Священники Кантирита скрылись в одном из кривых переулков, зажатых пьяными кренящимися строениями. Ребятня, дурачившаяся вокруг процессии, успокоилась и вернулась к своим играм. Джон шел обратно по выложенным елочкой замшелым камням мостовой, то и дело останавливаясь посмотреть на новое диво: на краснодеревщика, ремонтирующего кресло на каменной тумбе, на неистово жестикулирующих актеров, пока зазывала перед балаганом выкрикивал прохожим наиболее лакомые кусочки интриги. «Никогда он не научится,– усмехнувшись, подумала Дженни,– вести себя как герой из легенды».
– Должно быть, тяжко тебе пришлось,– сказала она.
Гарет вздохнул.
– Через пару лет стало легче,– признался он.– Я возненавидел ее.
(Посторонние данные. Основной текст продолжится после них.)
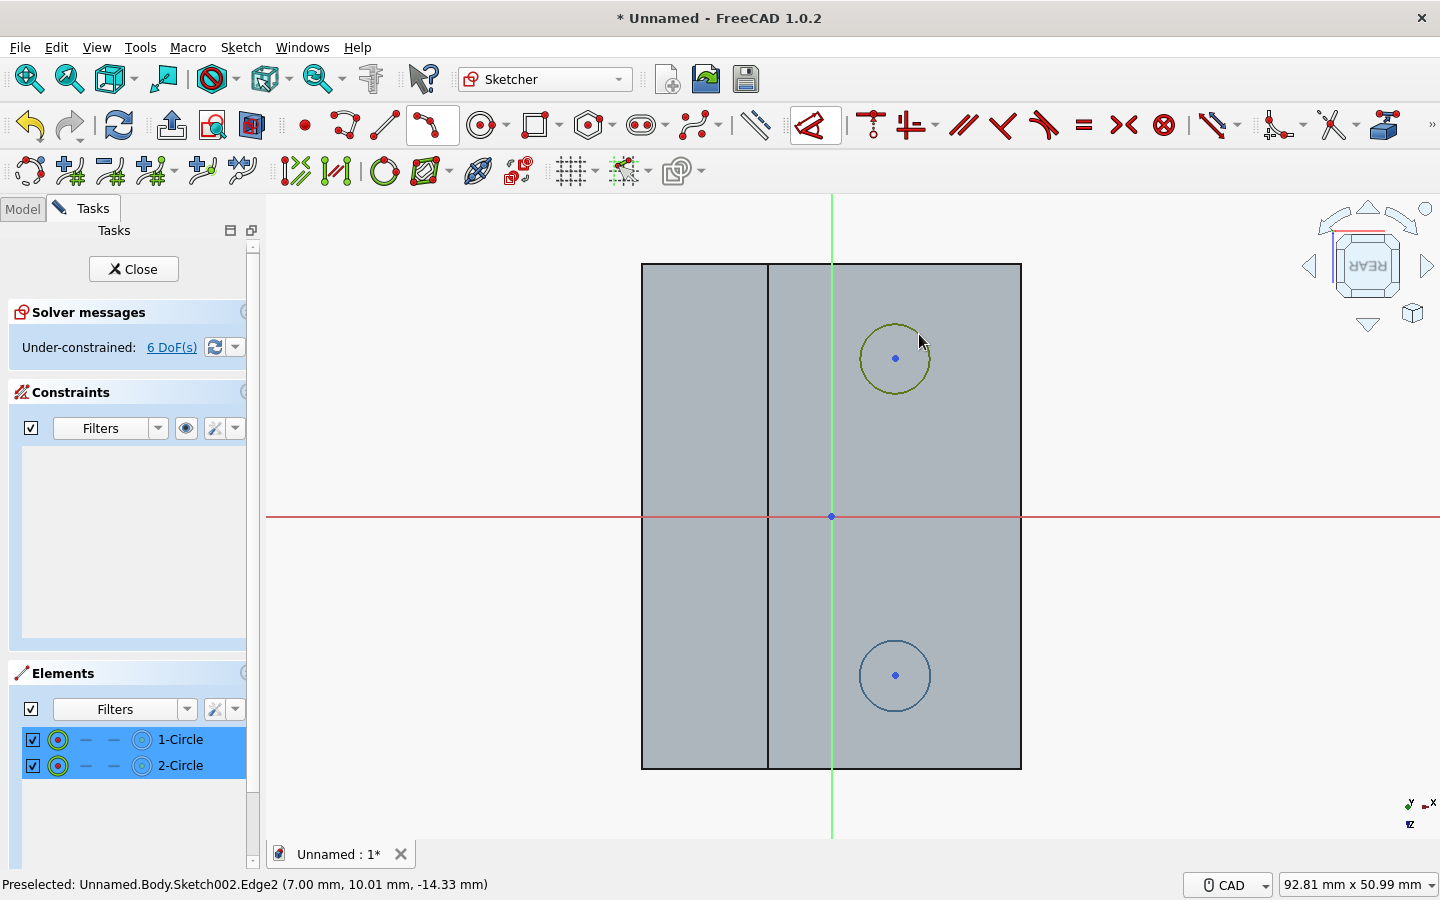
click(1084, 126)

А потом она лишила меня даже ненависти.– Он покраснел.– А теперь…
Внезапно на площади возникло смятение, похожее на собачью драку. Женский глумливый голос взвыл: «Шлюха!»– и Дженни резко обернулась.
Однако причиной крика было вовсе не отсутствие вуали на ее голове. Маленькая женщина-гном с мягким облаком волос – абрикосовым в убывающем свете дня – робко пробиралась к фонтану. Ее шелковые черные штаны были подсучены до колен, чтобы не замочить их в лужах на продавленной мостовой, а белая туника с богато расшитыми и заботливо заштопанными рукавами говорила о высоком происхождении карлицы и о ее нынешней бедности. Она приостановилась, оглядываясь и болезненно щурясь, затем снова двинулась к фонтану. Маленькая округлая рука нервно стискивала дужку неумело несомого ведра.
Кто-то завопил:
– Эй, миледь! Устала припрятанное зерно пролеживать? А слуги-то нынче – дешевые!
Карлица снова остановилась и закрутила головой, словно ища обидчика, – беспомощная и полуслепая при свете дня. Кто-то кинул в нее сухим собачьим дерьмом. Она подпрыгнула, дернулась, узкие ступни в мягких кожаных башмаках поскользнулись на влажном, неровном камне. Карлица выронила ведро и, упав, быстро перевернулась на четвереньки. Одна из женщин у фонтана под одобрительные смешки товарок спрыгнула с края и пинком отбросила ведро подальше.